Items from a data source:
--*--

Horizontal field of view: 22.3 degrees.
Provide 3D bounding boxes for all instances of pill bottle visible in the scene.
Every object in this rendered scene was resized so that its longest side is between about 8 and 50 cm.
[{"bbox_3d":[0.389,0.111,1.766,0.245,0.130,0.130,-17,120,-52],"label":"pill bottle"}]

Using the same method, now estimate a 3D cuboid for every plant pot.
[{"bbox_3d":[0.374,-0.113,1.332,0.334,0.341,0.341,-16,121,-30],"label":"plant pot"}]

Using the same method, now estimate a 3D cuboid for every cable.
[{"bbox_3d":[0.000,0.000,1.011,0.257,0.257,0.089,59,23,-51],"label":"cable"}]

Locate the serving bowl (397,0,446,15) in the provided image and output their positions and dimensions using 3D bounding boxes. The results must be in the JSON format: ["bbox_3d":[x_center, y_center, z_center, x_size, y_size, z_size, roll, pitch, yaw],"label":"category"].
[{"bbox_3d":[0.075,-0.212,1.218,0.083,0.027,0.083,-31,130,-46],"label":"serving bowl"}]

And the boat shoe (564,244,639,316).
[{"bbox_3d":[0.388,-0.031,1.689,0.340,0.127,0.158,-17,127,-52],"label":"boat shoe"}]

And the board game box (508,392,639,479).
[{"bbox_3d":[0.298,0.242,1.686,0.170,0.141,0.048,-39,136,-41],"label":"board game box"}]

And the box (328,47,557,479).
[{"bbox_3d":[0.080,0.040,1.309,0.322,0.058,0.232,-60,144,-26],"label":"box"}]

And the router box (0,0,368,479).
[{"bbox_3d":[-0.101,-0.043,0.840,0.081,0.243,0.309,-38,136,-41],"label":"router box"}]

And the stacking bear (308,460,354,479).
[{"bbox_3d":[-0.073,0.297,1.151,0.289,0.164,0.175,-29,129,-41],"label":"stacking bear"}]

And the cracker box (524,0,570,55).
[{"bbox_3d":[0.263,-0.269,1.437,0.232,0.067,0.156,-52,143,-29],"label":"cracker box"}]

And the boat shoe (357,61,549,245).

--*--

Output the data once more, exactly as it appears above.

Horizontal field of view: 22.3 degrees.
Provide 3D bounding boxes for all instances of pill bottle visible in the scene.
Every object in this rendered scene was resized so that its longest side is between about 8 and 50 cm.
[{"bbox_3d":[0.389,0.111,1.766,0.245,0.130,0.130,-17,120,-52],"label":"pill bottle"}]

Using the same method, now estimate a 3D cuboid for every plant pot.
[{"bbox_3d":[0.374,-0.113,1.332,0.334,0.341,0.341,-16,121,-30],"label":"plant pot"}]

Using the same method, now estimate a 3D cuboid for every cable.
[{"bbox_3d":[0.000,0.000,1.011,0.257,0.257,0.089,59,23,-51],"label":"cable"}]

Locate the serving bowl (397,0,446,15) in the provided image and output their positions and dimensions using 3D bounding boxes. The results must be in the JSON format: ["bbox_3d":[x_center, y_center, z_center, x_size, y_size, z_size, roll, pitch, yaw],"label":"category"].
[{"bbox_3d":[0.075,-0.212,1.218,0.083,0.027,0.083,-31,130,-46],"label":"serving bowl"}]

And the boat shoe (564,244,639,316).
[{"bbox_3d":[0.388,-0.031,1.689,0.340,0.127,0.158,-17,127,-52],"label":"boat shoe"}]

And the board game box (508,392,639,479).
[{"bbox_3d":[0.298,0.242,1.686,0.170,0.141,0.048,-39,136,-41],"label":"board game box"}]

And the box (328,47,557,479).
[{"bbox_3d":[0.080,0.040,1.309,0.322,0.058,0.232,-60,144,-26],"label":"box"}]

And the router box (0,0,368,479).
[{"bbox_3d":[-0.101,-0.043,0.840,0.081,0.243,0.309,-38,136,-41],"label":"router box"}]

And the stacking bear (308,460,354,479).
[{"bbox_3d":[-0.073,0.297,1.151,0.289,0.164,0.175,-29,129,-41],"label":"stacking bear"}]

And the cracker box (524,0,570,55).
[{"bbox_3d":[0.263,-0.269,1.437,0.232,0.067,0.156,-52,143,-29],"label":"cracker box"}]

And the boat shoe (357,61,549,245).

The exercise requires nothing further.